It is a long speech, long and without pause and I feel no better for having finally put word to what I feel. When I look at him though, his smile has not lessened. He seems surprised more than anything.
"That is what has been weighing you down this whole time Gimli?" he asks. His tone is gentle, and at any other time this understanding in him would incense me but I am trying to move past such things. I have thought myself fully grown, an adult, but I stand before this immortal child and I feel incomplete. If I ever grow to have even a part of his heart then I will have achieved much in my life.

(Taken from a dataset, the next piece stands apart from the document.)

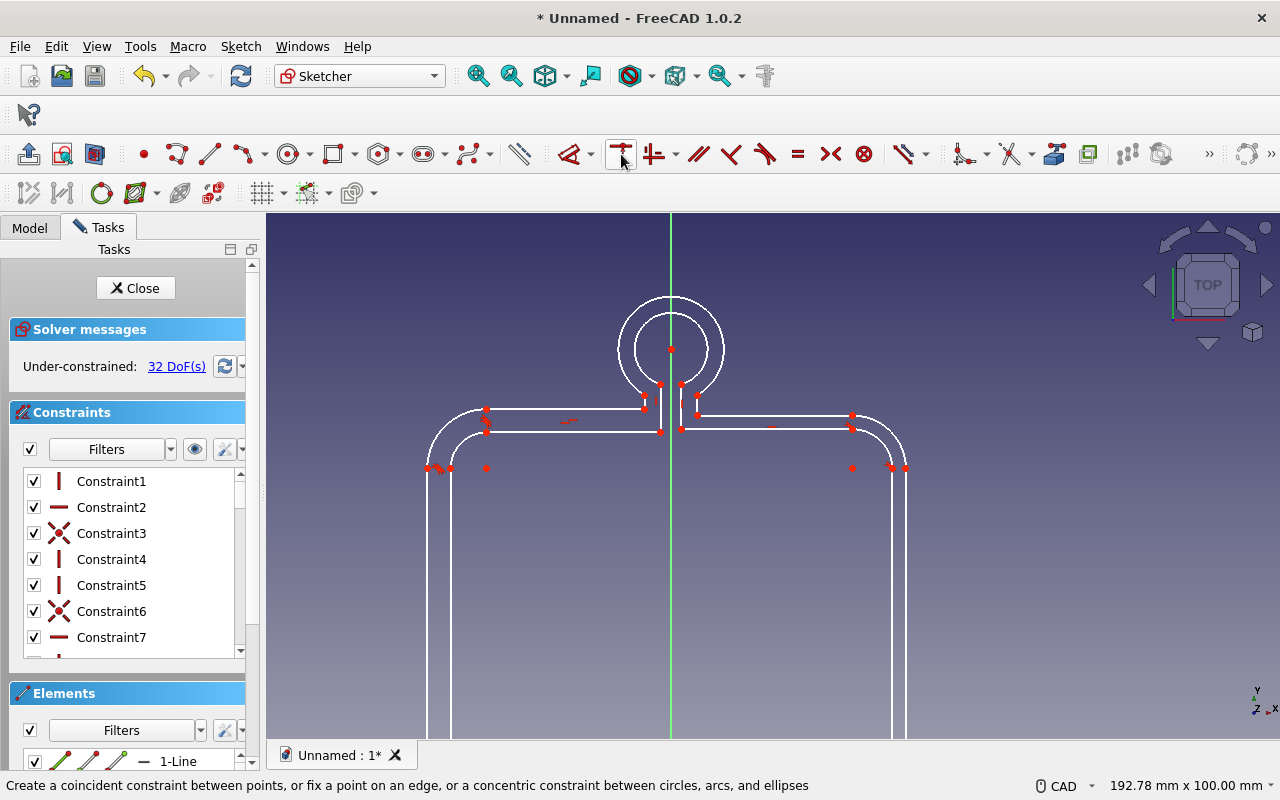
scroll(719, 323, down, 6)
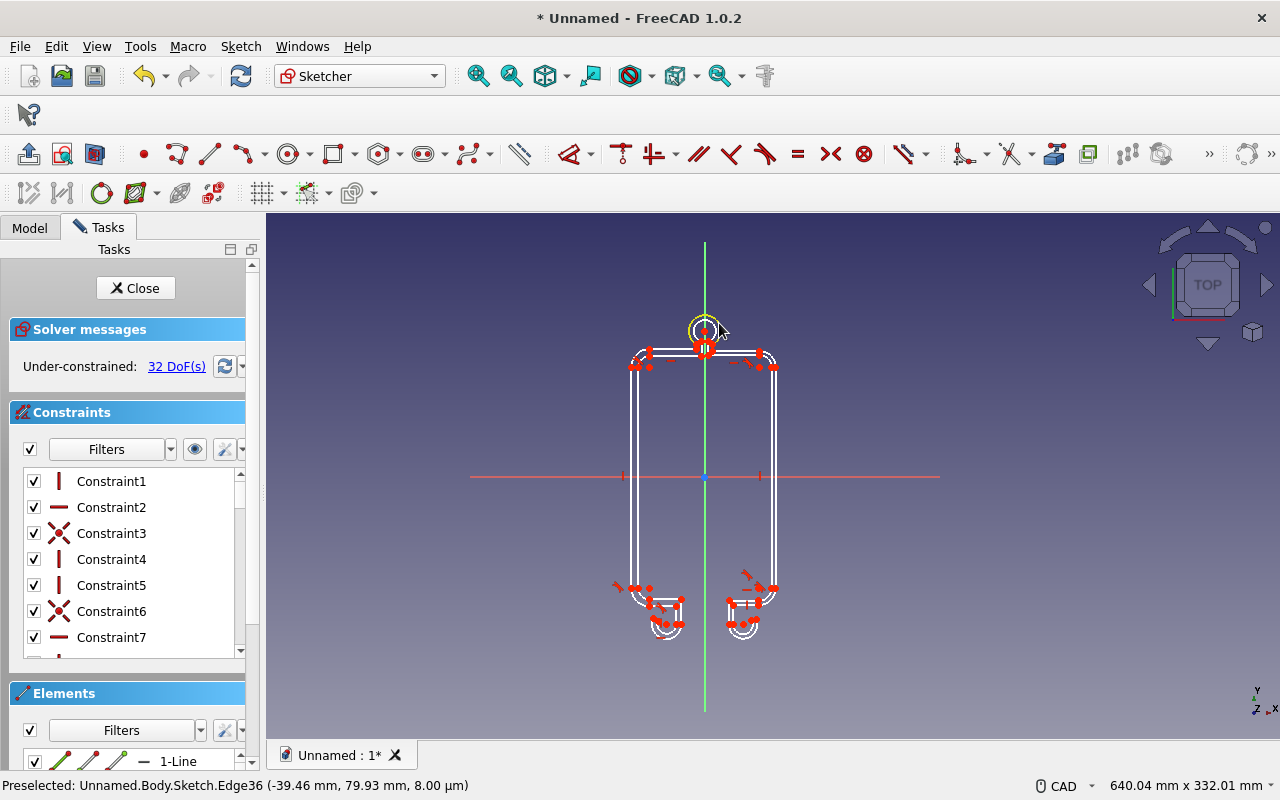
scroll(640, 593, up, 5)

"You should have spoken," he continues. "I would not have you carry such a weight alone, you will break your own heart carrying it in silence this way. You think too little of your own worth my friend, I would have you see yourself through my eyes even once."

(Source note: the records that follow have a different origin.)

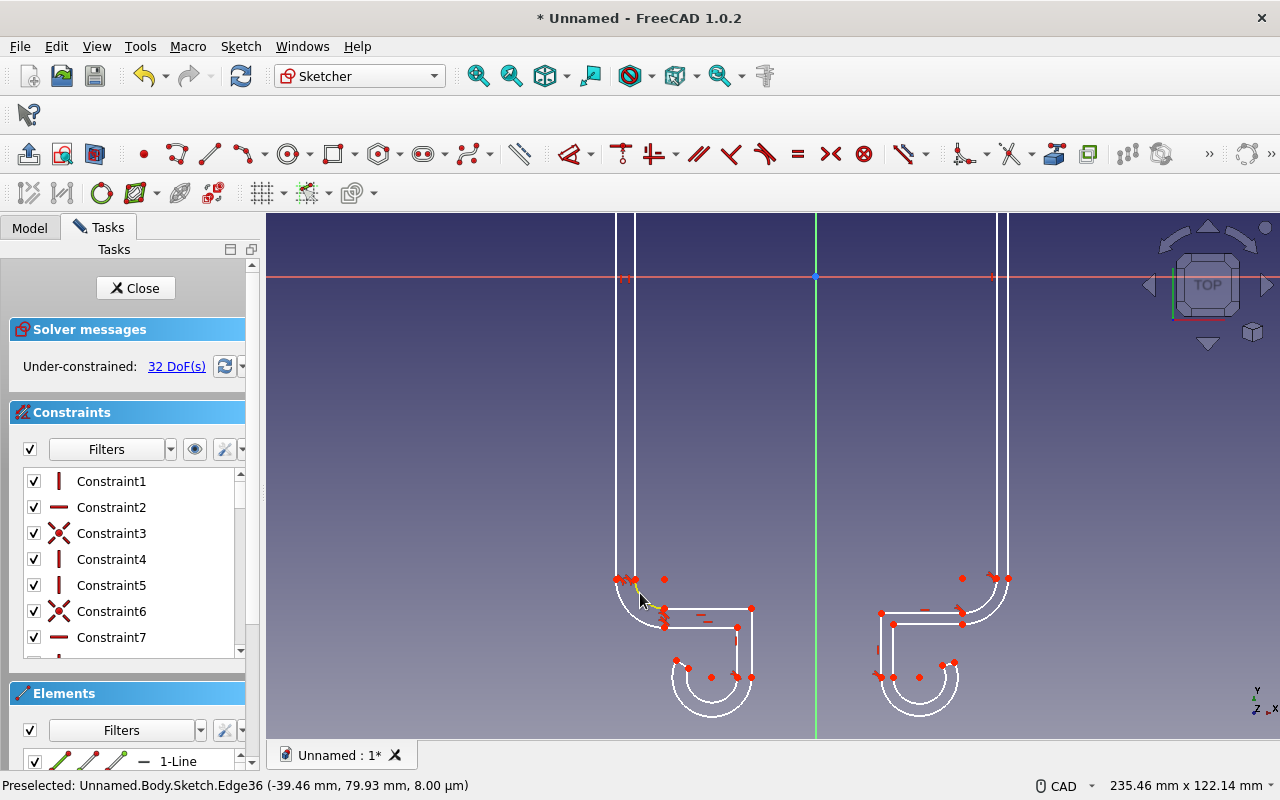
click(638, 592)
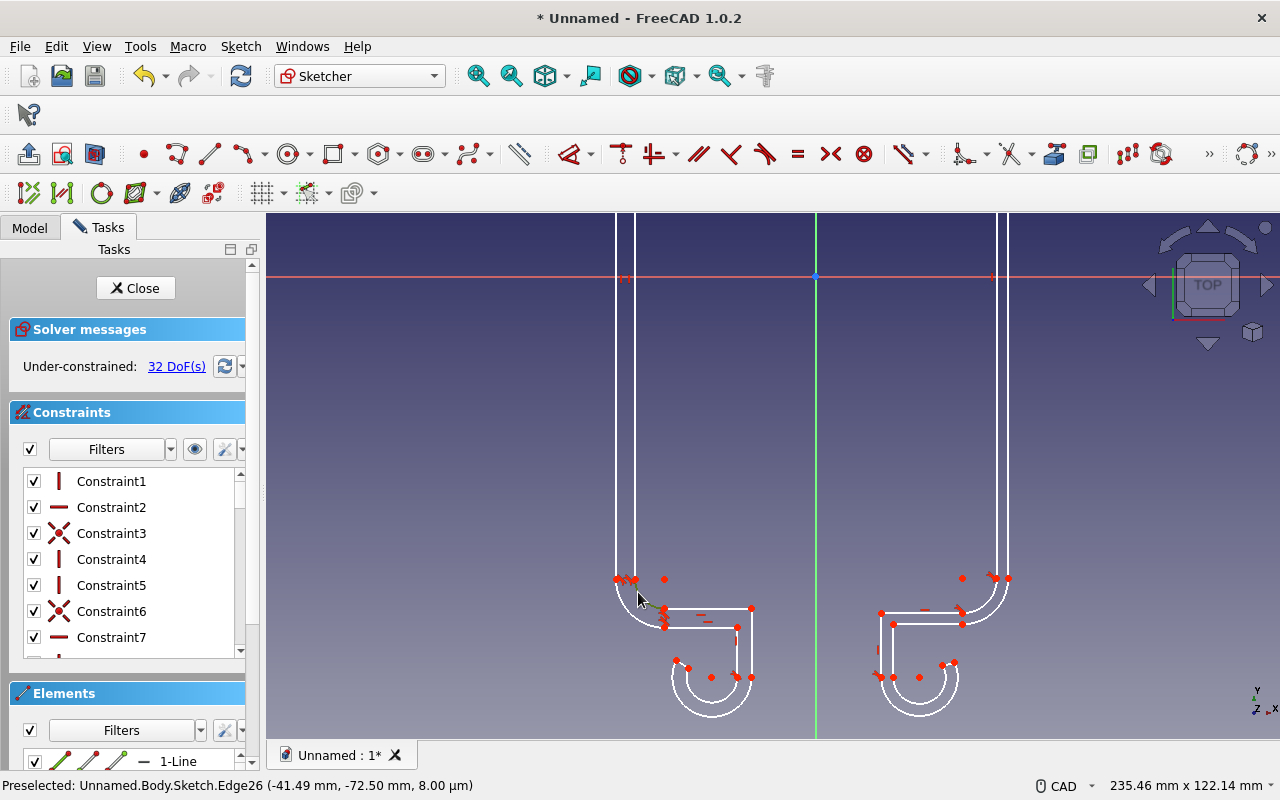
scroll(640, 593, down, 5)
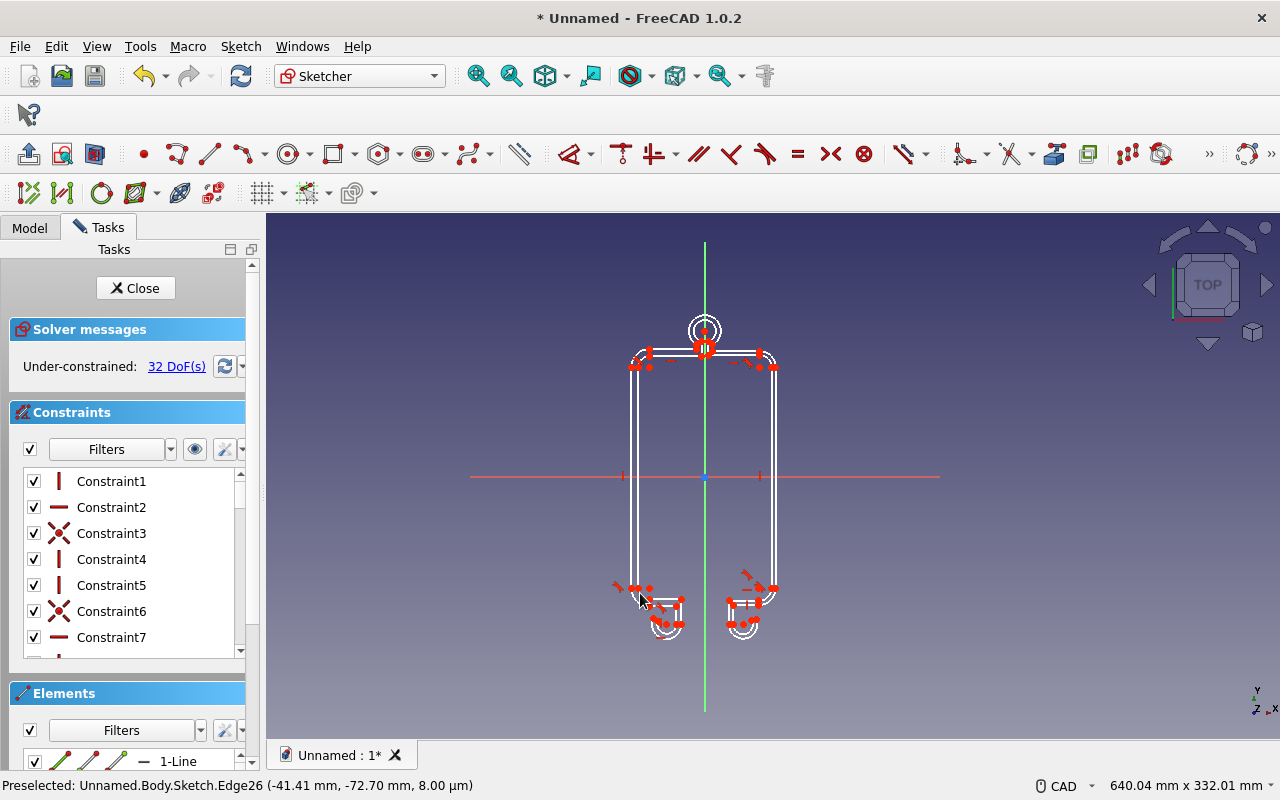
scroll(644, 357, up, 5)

We stand in the summer, days long behind us. There is a breeze that smells of sun bruised leaves, cooling sap and dust. Birds trill and dart in the trees – shadowed but still gilt by the sun that falls behind us. This sun will fall forever, for as long as we walk here. I am frozen in blue eyes: haunted, wild and sad but so familiar to me. He looks at me with fondness and understanding, and somewhere he is dying.

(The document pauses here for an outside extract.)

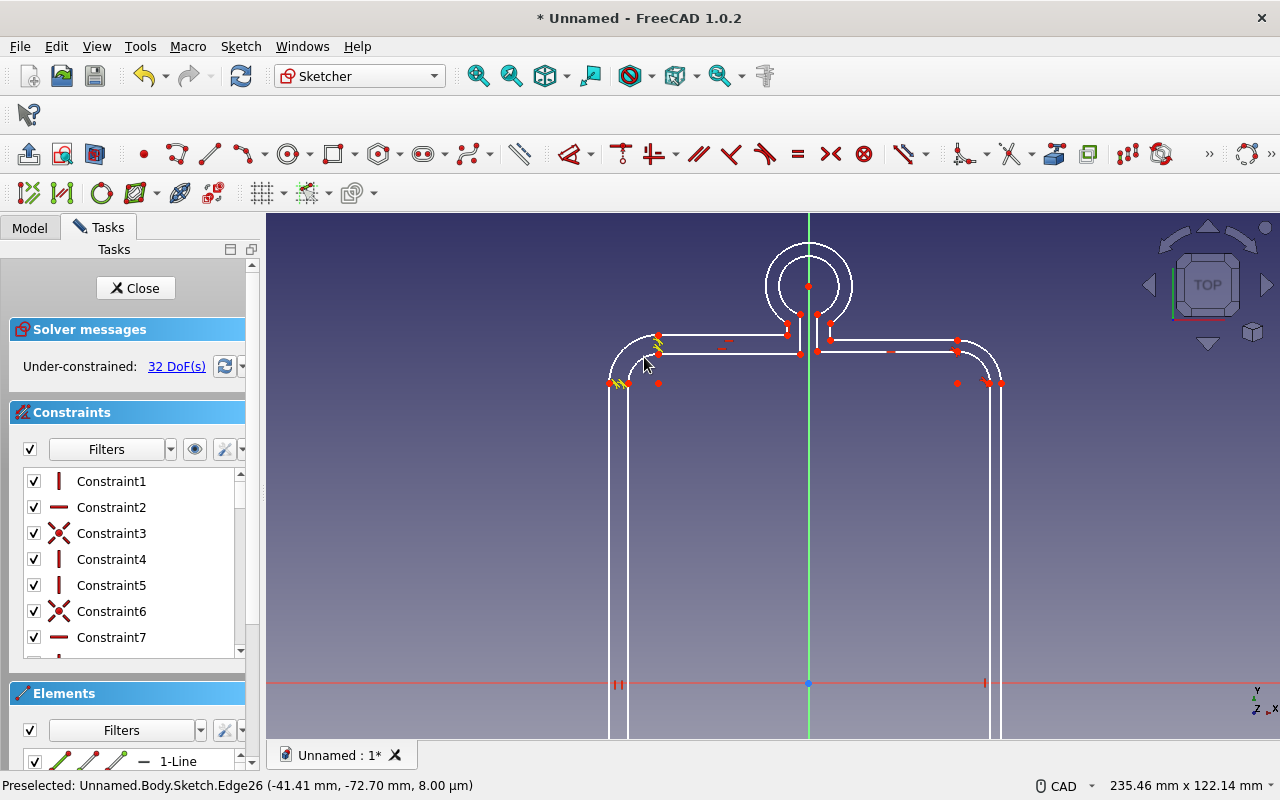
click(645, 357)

"You are not really here," I tell him.
"No," he shakes his head, "and I am sorry, but you must wake up."
I do not wish to. By Eru, I would do anything to stay here. It is not Legolas, but it is close enough and I am happy here. It is warm and peaceful, my heart is lighter than it has been for a long time. I am so very tired.
I do not wish to wake up, but I do.
~{O}~
It is a long awakening; I drift endlessly upon darkness and sometimes I can smell the summer, sometimes I recall the feel of dew coated and cool grass against my legs. I forget the winter and I know what a setting summer sun feels like; the smell of it, the feel of a cooling and darkening wood after such days of heat. I cling to it desperately, I claw at every fragment of memory but I cannot go back no matter how much I wish to. That time – that summer in the trees – it is long gone and I am a coward for hiding there. I am a coward, but I do not wish to do this any longer. I am tired.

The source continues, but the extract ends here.